■ REQUIRED WORK: Once the pictures are removed, reproduce what is left of the data below exactly.

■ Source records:
-.-.-
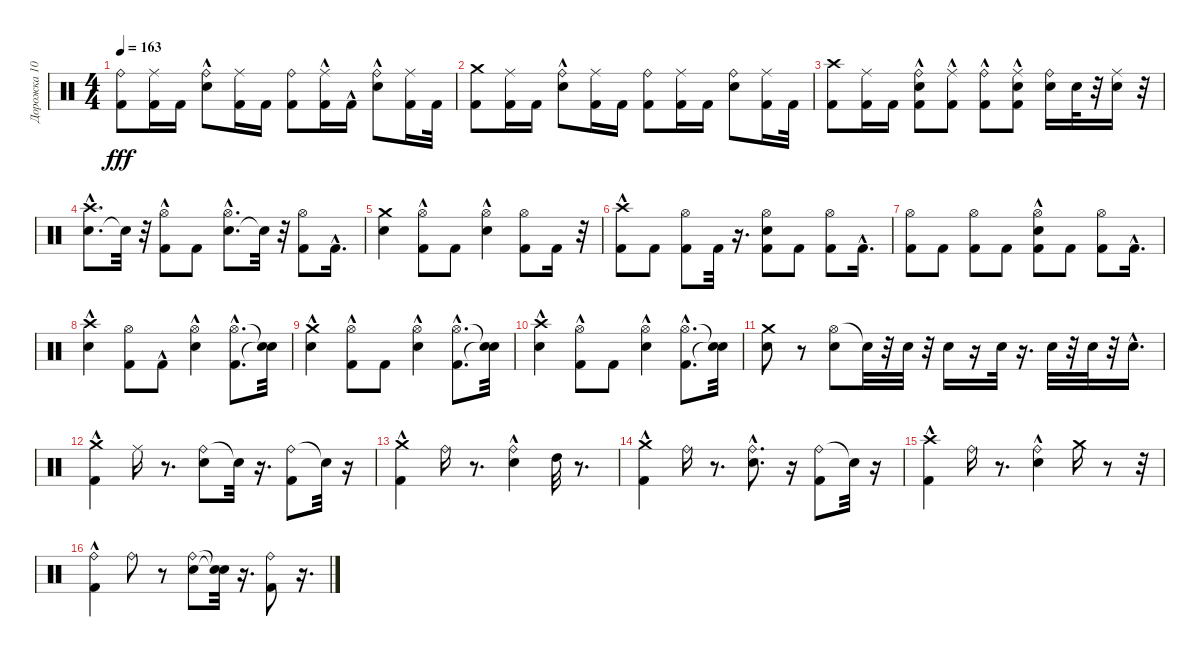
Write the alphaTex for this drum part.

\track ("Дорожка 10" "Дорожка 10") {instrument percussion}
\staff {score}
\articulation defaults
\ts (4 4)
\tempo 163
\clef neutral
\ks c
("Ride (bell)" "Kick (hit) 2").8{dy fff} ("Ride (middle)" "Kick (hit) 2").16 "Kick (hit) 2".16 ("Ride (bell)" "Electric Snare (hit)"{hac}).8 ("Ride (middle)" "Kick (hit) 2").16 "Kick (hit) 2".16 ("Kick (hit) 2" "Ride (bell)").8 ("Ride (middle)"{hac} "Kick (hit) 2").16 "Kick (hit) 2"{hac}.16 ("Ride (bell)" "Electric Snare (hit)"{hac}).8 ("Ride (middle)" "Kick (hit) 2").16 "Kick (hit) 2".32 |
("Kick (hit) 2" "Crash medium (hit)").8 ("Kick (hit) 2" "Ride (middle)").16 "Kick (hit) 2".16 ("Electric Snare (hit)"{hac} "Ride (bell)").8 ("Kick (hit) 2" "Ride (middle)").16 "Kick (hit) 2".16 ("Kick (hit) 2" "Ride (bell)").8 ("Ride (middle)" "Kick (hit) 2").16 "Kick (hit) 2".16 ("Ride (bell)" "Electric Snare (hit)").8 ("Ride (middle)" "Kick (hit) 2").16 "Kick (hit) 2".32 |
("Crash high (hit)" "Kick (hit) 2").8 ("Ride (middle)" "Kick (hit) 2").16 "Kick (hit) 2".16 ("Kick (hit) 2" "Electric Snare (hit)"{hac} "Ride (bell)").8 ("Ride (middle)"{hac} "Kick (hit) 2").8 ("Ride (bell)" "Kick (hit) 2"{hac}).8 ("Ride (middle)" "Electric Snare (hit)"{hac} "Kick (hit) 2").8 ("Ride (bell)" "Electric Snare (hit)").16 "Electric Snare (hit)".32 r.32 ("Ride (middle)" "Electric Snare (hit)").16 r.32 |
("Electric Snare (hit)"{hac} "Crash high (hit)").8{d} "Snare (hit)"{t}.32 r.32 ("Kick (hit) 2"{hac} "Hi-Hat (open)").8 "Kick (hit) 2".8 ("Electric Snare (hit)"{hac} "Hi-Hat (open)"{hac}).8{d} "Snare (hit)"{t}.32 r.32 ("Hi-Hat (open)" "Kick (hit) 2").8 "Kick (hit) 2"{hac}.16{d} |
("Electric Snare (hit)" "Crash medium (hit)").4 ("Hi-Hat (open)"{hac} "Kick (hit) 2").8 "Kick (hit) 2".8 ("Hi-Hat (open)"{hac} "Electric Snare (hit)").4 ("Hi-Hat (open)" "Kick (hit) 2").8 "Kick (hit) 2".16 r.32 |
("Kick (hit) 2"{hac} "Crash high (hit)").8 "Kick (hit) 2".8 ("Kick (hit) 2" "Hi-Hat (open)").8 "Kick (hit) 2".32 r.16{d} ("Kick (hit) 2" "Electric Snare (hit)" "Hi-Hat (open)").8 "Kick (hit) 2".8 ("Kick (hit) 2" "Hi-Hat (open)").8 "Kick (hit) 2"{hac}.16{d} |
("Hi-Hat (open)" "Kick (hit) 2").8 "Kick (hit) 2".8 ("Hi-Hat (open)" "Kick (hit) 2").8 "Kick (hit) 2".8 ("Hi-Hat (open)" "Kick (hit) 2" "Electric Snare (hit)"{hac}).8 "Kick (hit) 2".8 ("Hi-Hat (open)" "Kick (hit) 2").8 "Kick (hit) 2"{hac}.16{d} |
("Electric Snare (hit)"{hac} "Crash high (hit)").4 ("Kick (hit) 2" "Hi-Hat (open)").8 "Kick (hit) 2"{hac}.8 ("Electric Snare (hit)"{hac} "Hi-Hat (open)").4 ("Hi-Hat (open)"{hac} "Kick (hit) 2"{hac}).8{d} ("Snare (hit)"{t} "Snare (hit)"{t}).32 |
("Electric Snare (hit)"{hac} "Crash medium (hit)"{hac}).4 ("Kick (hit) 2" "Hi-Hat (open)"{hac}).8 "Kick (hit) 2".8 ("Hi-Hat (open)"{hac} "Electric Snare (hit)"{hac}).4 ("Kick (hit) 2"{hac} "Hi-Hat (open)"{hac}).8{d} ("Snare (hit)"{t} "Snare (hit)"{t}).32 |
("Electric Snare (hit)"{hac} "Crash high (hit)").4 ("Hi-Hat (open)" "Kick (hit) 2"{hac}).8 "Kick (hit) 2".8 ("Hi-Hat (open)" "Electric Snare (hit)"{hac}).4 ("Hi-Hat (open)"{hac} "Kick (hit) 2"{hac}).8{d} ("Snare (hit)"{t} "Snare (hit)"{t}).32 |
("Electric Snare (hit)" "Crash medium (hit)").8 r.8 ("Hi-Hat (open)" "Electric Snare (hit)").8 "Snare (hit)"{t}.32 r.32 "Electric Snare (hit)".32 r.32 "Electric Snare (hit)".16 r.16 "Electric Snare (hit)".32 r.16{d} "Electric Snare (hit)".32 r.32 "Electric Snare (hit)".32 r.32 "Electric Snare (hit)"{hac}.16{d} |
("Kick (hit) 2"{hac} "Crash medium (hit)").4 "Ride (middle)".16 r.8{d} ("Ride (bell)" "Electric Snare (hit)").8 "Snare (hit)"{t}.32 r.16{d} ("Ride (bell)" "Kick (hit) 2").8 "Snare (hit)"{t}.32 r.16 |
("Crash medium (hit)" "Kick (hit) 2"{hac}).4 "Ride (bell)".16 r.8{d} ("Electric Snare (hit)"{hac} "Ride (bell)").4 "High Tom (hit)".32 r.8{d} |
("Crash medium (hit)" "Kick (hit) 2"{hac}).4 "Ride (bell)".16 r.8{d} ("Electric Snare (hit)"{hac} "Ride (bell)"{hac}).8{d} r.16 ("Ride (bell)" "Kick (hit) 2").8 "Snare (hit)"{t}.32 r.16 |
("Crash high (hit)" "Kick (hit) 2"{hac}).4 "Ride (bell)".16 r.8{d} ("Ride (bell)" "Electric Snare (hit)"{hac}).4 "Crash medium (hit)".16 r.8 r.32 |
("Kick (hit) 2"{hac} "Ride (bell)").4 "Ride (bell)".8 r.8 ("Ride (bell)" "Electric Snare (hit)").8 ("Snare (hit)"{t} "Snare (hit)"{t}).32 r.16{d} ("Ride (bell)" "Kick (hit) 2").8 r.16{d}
-.-.-
■ OUTPUT OF THE TASK:
Write the alphaTex for this drum part.

\track ("Дорожка 10" "Дорожка 10") {instrument percussion}
\staff {score}
\articulation defaults
\ts (4 4)
\tempo 163
\clef neutral
\ks c
("Ride (bell)" "Kick (hit) 2").8{dy fff} ("Ride (middle)" "Kick (hit) 2").16 "Kick (hit) 2".16 ("Ride (bell)" "Electric Snare (hit)"{hac}).8 ("Ride (middle)" "Kick (hit) 2").16 "Kick (hit) 2".16 ("Kick (hit) 2" "Ride (bell)").8 ("Ride (middle)"{hac} "Kick (hit) 2").16 "Kick (hit) 2"{hac}.16 ("Ride (bell)" "Electric Snare (hit)"{hac}).8 ("Ride (middle)" "Kick (hit) 2").16 "Kick (hit) 2".32 |
("Kick (hit) 2" "Crash medium (hit)").8 ("Kick (hit) 2" "Ride (middle)").16 "Kick (hit) 2".16 ("Electric Snare (hit)"{hac} "Ride (bell)").8 ("Kick (hit) 2" "Ride (middle)").16 "Kick (hit) 2".16 ("Kick (hit) 2" "Ride (bell)").8 ("Ride (middle)" "Kick (hit) 2").16 "Kick (hit) 2".16 ("Ride (bell)" "Electric Snare (hit)").8 ("Ride (middle)" "Kick (hit) 2").16 "Kick (hit) 2".32 |
("Crash high (hit)" "Kick (hit) 2").8 ("Ride (middle)" "Kick (hit) 2").16 "Kick (hit) 2".16 ("Kick (hit) 2" "Electric Snare (hit)"{hac} "Ride (bell)").8 ("Ride (middle)"{hac} "Kick (hit) 2").8 ("Ride (bell)" "Kick (hit) 2"{hac}).8 ("Ride (middle)" "Electric Snare (hit)"{hac} "Kick (hit) 2").8 ("Ride (bell)" "Electric Snare (hit)").16 "Electric Snare (hit)".32 r.32 ("Ride (middle)" "Electric Snare (hit)").16 r.32 |
("Electric Snare (hit)"{hac} "Crash high (hit)").8{d} "Snare (hit)"{t}.32 r.32 ("Kick (hit) 2"{hac} "Hi-Hat (open)").8 "Kick (hit) 2".8 ("Electric Snare (hit)"{hac} "Hi-Hat (open)"{hac}).8{d} "Snare (hit)"{t}.32 r.32 ("Hi-Hat (open)" "Kick (hit) 2").8 "Kick (hit) 2"{hac}.16{d} |
("Electric Snare (hit)" "Crash medium (hit)").4 ("Hi-Hat (open)"{hac} "Kick (hit) 2").8 "Kick (hit) 2".8 ("Hi-Hat (open)"{hac} "Electric Snare (hit)").4 ("Hi-Hat (open)" "Kick (hit) 2").8 "Kick (hit) 2".16 r.32 |
("Kick (hit) 2"{hac} "Crash high (hit)").8 "Kick (hit) 2".8 ("Kick (hit) 2" "Hi-Hat (open)").8 "Kick (hit) 2".32 r.16{d} ("Kick (hit) 2" "Electric Snare (hit)" "Hi-Hat (open)").8 "Kick (hit) 2".8 ("Kick (hit) 2" "Hi-Hat (open)").8 "Kick (hit) 2"{hac}.16{d} |
("Hi-Hat (open)" "Kick (hit) 2").8 "Kick (hit) 2".8 ("Hi-Hat (open)" "Kick (hit) 2").8 "Kick (hit) 2".8 ("Hi-Hat (open)" "Kick (hit) 2" "Electric Snare (hit)"{hac}).8 "Kick (hit) 2".8 ("Hi-Hat (open)" "Kick (hit) 2").8 "Kick (hit) 2"{hac}.16{d} |
("Electric Snare (hit)"{hac} "Crash high (hit)").4 ("Kick (hit) 2" "Hi-Hat (open)").8 "Kick (hit) 2"{hac}.8 ("Electric Snare (hit)"{hac} "Hi-Hat (open)").4 ("Hi-Hat (open)"{hac} "Kick (hit) 2"{hac}).8{d} ("Snare (hit)"{t} "Snare (hit)"{t}).32 |
("Electric Snare (hit)"{hac} "Crash medium (hit)"{hac}).4 ("Kick (hit) 2" "Hi-Hat (open)"{hac}).8 "Kick (hit) 2".8 ("Hi-Hat (open)"{hac} "Electric Snare (hit)"{hac}).4 ("Kick (hit) 2"{hac} "Hi-Hat (open)"{hac}).8{d} ("Snare (hit)"{t} "Snare (hit)"{t}).32 |
("Electric Snare (hit)"{hac} "Crash high (hit)").4 ("Hi-Hat (open)" "Kick (hit) 2"{hac}).8 "Kick (hit) 2".8 ("Hi-Hat (open)" "Electric Snare (hit)"{hac}).4 ("Hi-Hat (open)"{hac} "Kick (hit) 2"{hac}).8{d} ("Snare (hit)"{t} "Snare (hit)"{t}).32 |
("Electric Snare (hit)" "Crash medium (hit)").8 r.8 ("Hi-Hat (open)" "Electric Snare (hit)").8 "Snare (hit)"{t}.32 r.32 "Electric Snare (hit)".32 r.32 "Electric Snare (hit)".16 r.16 "Electric Snare (hit)".32 r.16{d} "Electric Snare (hit)".32 r.32 "Electric Snare (hit)".32 r.32 "Electric Snare (hit)"{hac}.16{d} |
("Kick (hit) 2"{hac} "Crash medium (hit)").4 "Ride (middle)".16 r.8{d} ("Ride (bell)" "Electric Snare (hit)").8 "Snare (hit)"{t}.32 r.16{d} ("Ride (bell)" "Kick (hit) 2").8 "Snare (hit)"{t}.32 r.16 |
("Crash medium (hit)" "Kick (hit) 2"{hac}).4 "Ride (bell)".16 r.8{d} ("Electric Snare (hit)"{hac} "Ride (bell)").4 "High Tom (hit)".32 r.8{d} |
("Crash medium (hit)" "Kick (hit) 2"{hac}).4 "Ride (bell)".16 r.8{d} ("Electric Snare (hit)"{hac} "Ride (bell)"{hac}).8{d} r.16 ("Ride (bell)" "Kick (hit) 2").8 "Snare (hit)"{t}.32 r.16 |
("Crash high (hit)" "Kick (hit) 2"{hac}).4 "Ride (bell)".16 r.8{d} ("Ride (bell)" "Electric Snare (hit)"{hac}).4 "Crash medium (hit)".16 r.8 r.32 |
("Kick (hit) 2"{hac} "Ride (bell)").4 "Ride (bell)".8 r.8 ("Ride (bell)" "Electric Snare (hit)").8 ("Snare (hit)"{t} "Snare (hit)"{t}).32 r.16{d} ("Ride (bell)" "Kick (hit) 2").8 r.16{d}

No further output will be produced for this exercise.